L'inscription de l'IVG dans la Constitution, droit actuellement reconnu dans une loi ordinaire, compliquerait toute tentative du législateur de supprimer ce droit ou d'y porter gravement atteinte, soulignent ses défenseurs.
"On n'en est pas au même stade qu'aux Etats-Unis mais on voit des restrictions sur le droit à l'avortement en Pologne ou encore en Hongrie et ça ne devrait pas tarder en Italie avec l'arrivée de l'extrême droite au pouvoir", note Sarah Durocher.
"Pourquoi en France y aurait-il une exception, comment peut-on se dire que l'avortement ne peut pas être menacé en France?", ajoute-t-elle, citant les attaques contre des antennes du planning familial en février en Gironde, en mars à Strasbourg et en août dans les Hautes-Alpes, ainsi que la "désinformation" orchestrée par les mouvements "anti-choix".
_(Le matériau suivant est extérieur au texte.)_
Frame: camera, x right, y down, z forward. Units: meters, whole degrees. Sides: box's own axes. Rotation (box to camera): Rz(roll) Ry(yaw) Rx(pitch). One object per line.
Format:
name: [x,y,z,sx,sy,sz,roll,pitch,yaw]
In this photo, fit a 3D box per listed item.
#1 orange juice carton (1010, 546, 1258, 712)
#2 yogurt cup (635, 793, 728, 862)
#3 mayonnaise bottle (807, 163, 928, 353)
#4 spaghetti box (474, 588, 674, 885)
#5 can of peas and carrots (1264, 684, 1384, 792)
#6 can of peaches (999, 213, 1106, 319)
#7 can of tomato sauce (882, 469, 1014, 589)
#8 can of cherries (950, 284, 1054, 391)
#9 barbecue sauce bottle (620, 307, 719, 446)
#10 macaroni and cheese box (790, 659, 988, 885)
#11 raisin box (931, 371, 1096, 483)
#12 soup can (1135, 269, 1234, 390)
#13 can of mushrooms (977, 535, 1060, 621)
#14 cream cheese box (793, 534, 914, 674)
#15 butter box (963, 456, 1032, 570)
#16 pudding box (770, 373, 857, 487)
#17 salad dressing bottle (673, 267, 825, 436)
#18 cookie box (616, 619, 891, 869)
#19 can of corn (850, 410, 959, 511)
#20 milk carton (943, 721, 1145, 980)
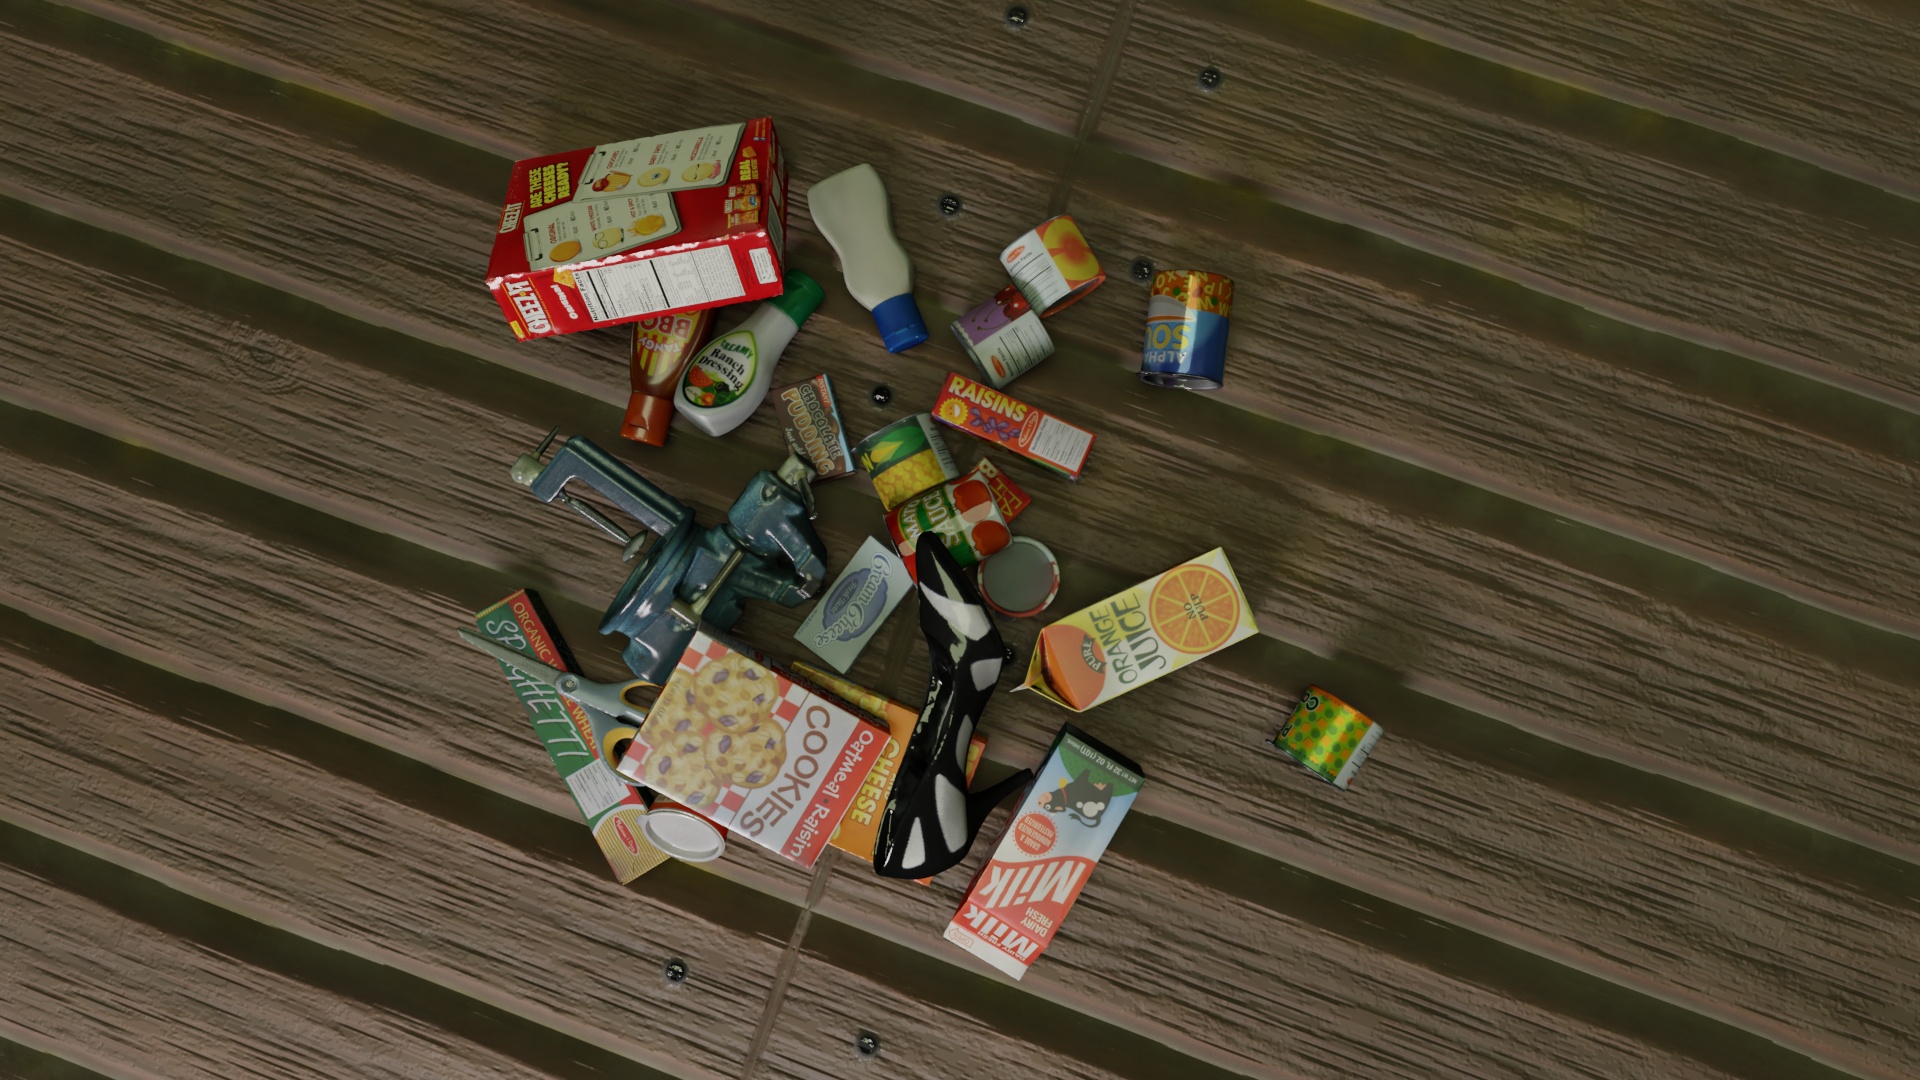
orange juice carton: [0.127,0.077,1.084,0.193,0.072,0.073,-25,86,2]
yogurt cup: [-0.211,0.213,1.098,0.072,0.072,0.054,13,46,4]
mayonnaise bottle: [-0.070,-0.226,1.125,0.065,0.041,0.148,-23,88,4]
spaghetti box: [-0.311,0.157,1.129,0.050,0.028,0.250,-30,86,2]
can of peas and carrots: [0.282,0.151,1.075,0.071,0.071,0.058,34,90,4]
can of peaches: [0.075,-0.218,1.104,0.071,0.071,0.058,-31,86,2]
can of tomato sauce: [-0.009,-0.009,1.071,0.083,0.071,0.071,-25,87,3]
can of cherries: [0.033,-0.162,1.104,0.058,0.071,0.071,-35,86,1]
barbecue sauce bottle: [-0.240,-0.152,1.130,0.065,0.043,0.148,14,89,7]
macaroni and cheese box: [-0.077,0.183,1.108,0.166,0.040,0.123,22,89,5]
raisin box: [0.043,-0.088,1.089,0.123,0.086,0.040,24,92,4]
soup can: [0.176,-0.165,1.093,0.071,0.071,0.083,7,88,4]
can of mushrooms: [0.046,0.031,1.110,0.071,0.033,0.071,0,88,3]
cream cheese box: [-0.082,0.052,1.122,0.053,0.024,0.104,37,90,3]
butter box: [0.004,-0.014,1.119,0.103,0.024,0.053,-45,85,1]
pudding box: [-0.118,-0.088,1.127,0.050,0.030,0.083,-16,87,2]
salad dressing bottle: [-0.167,-0.153,1.115,0.064,0.044,0.148,33,78,18]
cookie box: [-0.154,0.155,1.052,0.167,0.040,0.123,30,94,-11]
can of corn: [-0.044,-0.061,1.104,0.071,0.071,0.058,-26,87,2]
milk carton: [0.064,0.243,1.080,0.072,0.073,0.190,30,90,4]

Selon un sondage Ifop publié en novembre 2022, près de neuf Français sur dix (86%) sont favorables à l'inscription du droit à l'IVG dans la Constitution.
Publiés mercredi, les derniers chiffres officiels font état d'un nombre d'IVG en hausse en 2022 (234.000) après deux années de baisse exceptionnelle liée à l'épidémie de Covid-19.